**Required work**
Exactly the lines starting at the line containing "Sample output, numbers" and ending at the line containing "0.175 | 8 | 8 | 11 |" are to be written out from the listing below, both included.
Input material Block Start
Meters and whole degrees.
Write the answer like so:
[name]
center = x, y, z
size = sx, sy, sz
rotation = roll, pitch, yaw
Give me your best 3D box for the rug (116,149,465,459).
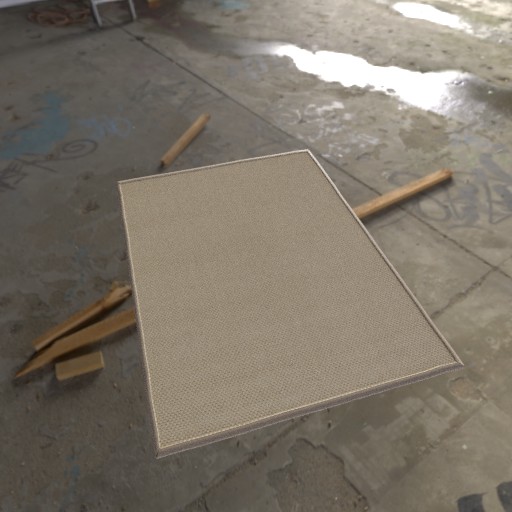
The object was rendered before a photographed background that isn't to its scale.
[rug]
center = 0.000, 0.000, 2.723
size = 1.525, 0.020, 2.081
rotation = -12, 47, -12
Input material Block End
Input material Block Start
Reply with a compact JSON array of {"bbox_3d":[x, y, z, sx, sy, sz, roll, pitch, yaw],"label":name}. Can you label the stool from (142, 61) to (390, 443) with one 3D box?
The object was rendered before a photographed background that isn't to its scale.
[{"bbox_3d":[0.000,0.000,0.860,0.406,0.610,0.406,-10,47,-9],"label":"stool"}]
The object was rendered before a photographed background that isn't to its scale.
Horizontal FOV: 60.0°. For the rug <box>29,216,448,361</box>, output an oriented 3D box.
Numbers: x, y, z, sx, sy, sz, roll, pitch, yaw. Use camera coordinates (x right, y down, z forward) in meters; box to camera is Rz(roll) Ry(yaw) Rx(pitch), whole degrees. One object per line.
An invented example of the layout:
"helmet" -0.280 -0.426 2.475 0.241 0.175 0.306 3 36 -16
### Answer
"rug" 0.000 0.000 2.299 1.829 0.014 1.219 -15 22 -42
Input material Block End
Input material Block Start
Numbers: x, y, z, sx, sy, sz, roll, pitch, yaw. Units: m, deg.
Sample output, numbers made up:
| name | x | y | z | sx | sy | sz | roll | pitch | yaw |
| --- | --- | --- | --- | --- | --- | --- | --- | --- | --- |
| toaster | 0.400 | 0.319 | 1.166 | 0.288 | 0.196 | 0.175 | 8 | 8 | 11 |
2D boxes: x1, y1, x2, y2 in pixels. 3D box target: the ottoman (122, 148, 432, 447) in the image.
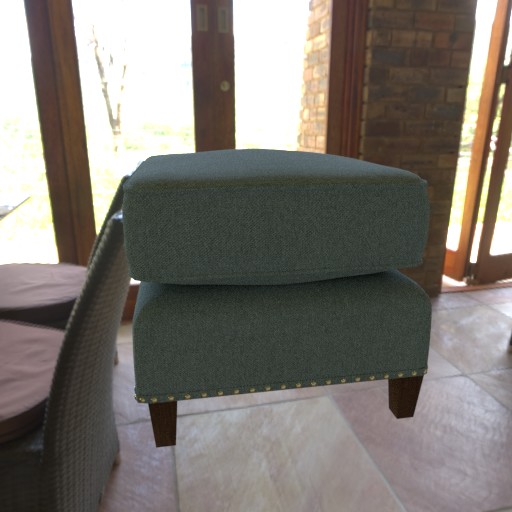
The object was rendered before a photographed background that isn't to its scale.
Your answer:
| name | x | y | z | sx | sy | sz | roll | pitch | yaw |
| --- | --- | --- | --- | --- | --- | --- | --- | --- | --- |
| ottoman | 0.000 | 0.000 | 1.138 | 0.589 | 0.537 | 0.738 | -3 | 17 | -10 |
Input material Block End
**Solution to this exercise**
Sample output, numbers made up:
| name | x | y | z | sx | sy | sz | roll | pitch | yaw |
| --- | --- | --- | --- | --- | --- | --- | --- | --- | --- |
| toaster | 0.400 | 0.319 | 1.166 | 0.288 | 0.196 | 0.175 | 8 | 8 | 11 |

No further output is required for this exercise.